Graj twardo (Craven)

Podwójna osobowość pana Wicka

Autor: 996

Graj twardo (Craven)
Gość pisze rewelacyjnego erpega, zdobywa za niego Origins. Dwa lata później powtarza ten wyczyn. Może stać się nadętym bufonem i zmanierowanym trepem. Ale jedno wydaje się pewne – musi być świetnym MG. Skoro ma takie wyczucie konwencji, potrafi wybornie wyciągnąć to, co najlepsze z klimatów płaszcza i szpady, a wcześniej z kimona i katany, przyprawić to ciekawym światem i mechaniką, to przecież chyba musi też rewelacyjnie prowadzić? Po lekturze Graj twardo mam ogromne wątpliwości. Wick może pisał pod publiczkę, może ma złego bliźniaka albo jego erpegi i jego prowadzenie to totalnie odmienne rzeczy.

Graj twardo to paskudna książka. Przynajmniej w pierwszej połowie. John Wick nasycił ją masą porad, które mogę określić tylko jako toksyczne. W kilku miejscach się asekuruje, serwuje kilka sugestii, łagodzących wizerunek MG tyrana i sadysty, ale trudno uwierzyć, że sam je stosuje. Na szczęście kolejne artykuły Wicka robią się mniej wywrotowo-szkodliwe, a wręcz mają kilka ciekawych rad i pomysłów. O zbiorze tekstów Johna Wicka z 1999 i 2000 roku słyszałem wcześniej, ale nie znałem jego tytułu.
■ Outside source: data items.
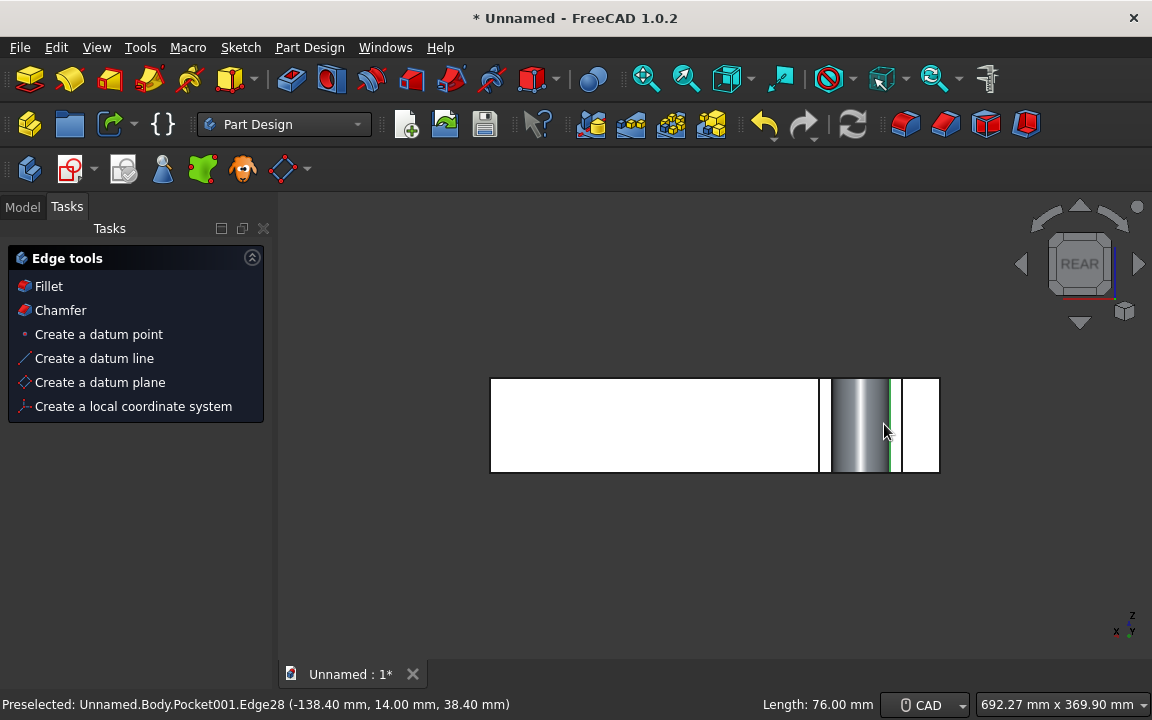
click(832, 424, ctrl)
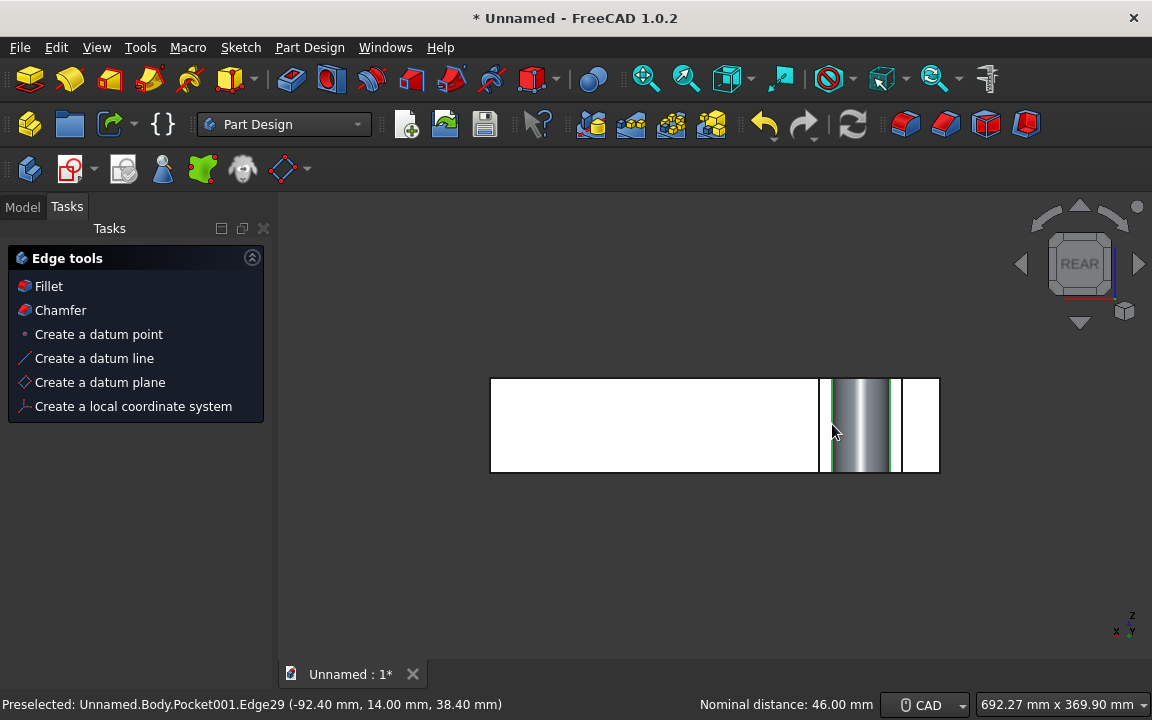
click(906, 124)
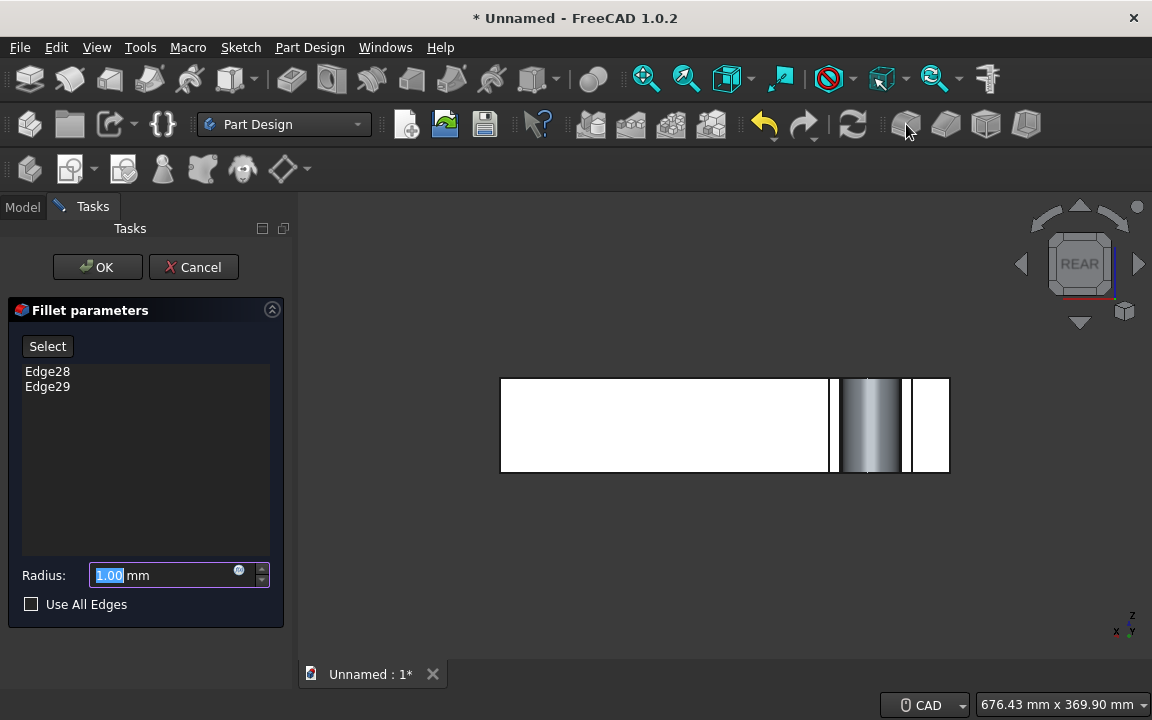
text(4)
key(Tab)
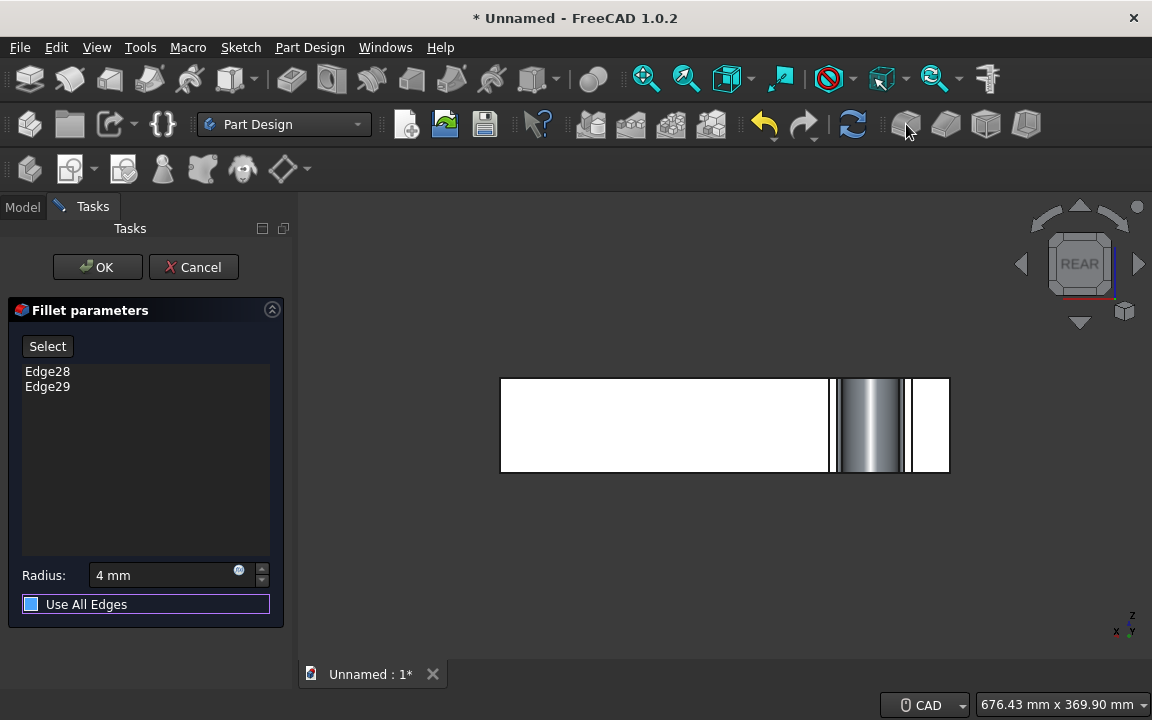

Po szoku wywołanym lekturą mogę jedynie zaproponować zmianę tłumaczenia na właściwsze: Play DirtyGraj nieczysto. Przyjrzyjmy się kilku myślom, które przedstawił w swoich artykułach twórca Legendy Pięciu Kręgów i 7th Sea.


Wredny killer Wick

"Uderzaj tam, gdzie naprawdę boli" – tak zaczyna się cykl. MG John chwali się swoją reputacją. Nie za niezwykłe opisy, nie za świetnych BNów czy przewrotne intrygi. Zabija postaci. Kiedy gracz przychodzi do niego z nową postacią, pierwsze czego szuka to jego słabych punktów. Wprowadza go na sesję i do kampanii z myślą jak go zniszczyć. Pierwszy rozdział mówi o tym, jak załatwić bohatera gracza, używając jego wad i zalet. John chwali się, jak każda wada może mu posłużyć do zabicia lub zniszczenia bohatera. Nie do uatrakcyjnienia gry dodatkowymi komplikacjami – to za mało. Gracz zainwestował punkty w zaletę? No to dopiero mu dopieczemy! Niech się chwilę pocieszy. Zaleta "Szczęście"? OK. Wystarczy żeby każdy fart trwał ułamek sekundy i owocował jeszcze większym pechem. Rzut był poprawiony? No to już nie ma podstaw, żeby gracz czuł się oszukany.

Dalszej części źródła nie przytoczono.